For you trans folks who are planning on visiting Canada soon or in the near future, if you're asked by Canadian Border Services Agency officers to do a strip search and you're apprehensive about it, a new option is available for you per recently created guidelines.
Due to questions from field officers concerning what to do in those cases, the CBSA adopted special strip
search rules back in August for travellers who've had SRS, are pre-operative or non-operative, intersex or who feel neither fully male nor female.
The person can choose the split search option, in which a female officer
conducts half the search while the male officer does the second half.
It was created according to Canadian Border Services Agency senior media spokeswoman Esme Bailey after it was pointed out the CBSA agency manuals originally gave no information to officers about how
to handle strip searches when the subject was transsexual or
intersexed.
"The development of the changes to the policy was a proactive effort
by the CBSA to ensure consistency with other law enforcement agencies
and to resolve this gap in our policy," Bailey said
.
The policy was guided by a 2006 Ontario Human Rights Tribunal decision filed by transwoman Rosalyn Forrester.

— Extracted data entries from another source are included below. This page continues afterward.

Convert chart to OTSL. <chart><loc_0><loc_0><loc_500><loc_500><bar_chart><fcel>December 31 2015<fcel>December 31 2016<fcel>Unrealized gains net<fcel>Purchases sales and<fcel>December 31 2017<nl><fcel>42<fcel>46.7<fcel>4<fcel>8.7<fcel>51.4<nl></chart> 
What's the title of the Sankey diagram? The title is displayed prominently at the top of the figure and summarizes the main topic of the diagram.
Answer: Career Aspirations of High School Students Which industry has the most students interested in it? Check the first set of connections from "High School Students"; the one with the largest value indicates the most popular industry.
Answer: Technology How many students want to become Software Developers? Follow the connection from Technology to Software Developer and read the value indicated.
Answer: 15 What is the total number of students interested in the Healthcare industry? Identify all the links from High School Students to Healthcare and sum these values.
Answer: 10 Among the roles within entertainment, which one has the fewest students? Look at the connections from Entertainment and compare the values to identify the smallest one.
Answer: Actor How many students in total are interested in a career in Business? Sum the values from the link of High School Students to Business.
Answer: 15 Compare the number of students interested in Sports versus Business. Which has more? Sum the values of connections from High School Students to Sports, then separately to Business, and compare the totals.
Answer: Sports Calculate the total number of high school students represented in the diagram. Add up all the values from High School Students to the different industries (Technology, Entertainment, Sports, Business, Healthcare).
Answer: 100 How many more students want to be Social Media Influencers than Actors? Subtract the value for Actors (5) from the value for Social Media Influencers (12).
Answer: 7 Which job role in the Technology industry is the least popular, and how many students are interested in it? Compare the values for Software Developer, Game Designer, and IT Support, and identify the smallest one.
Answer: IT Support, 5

She complained of feeling humiliated by strip searches conducted on her by a male
officer from Peel Regional Police near Toronto in 1999 and 2001.
The Canadian Border Service Agency has conducted more than 2,000 strip searches this year according to Bailey, but there are no statistics available as to how many were split
searches.
But know that if for some reason you're asked to do so by a CBSA officer while in the process of entering Canada, the option is available to you.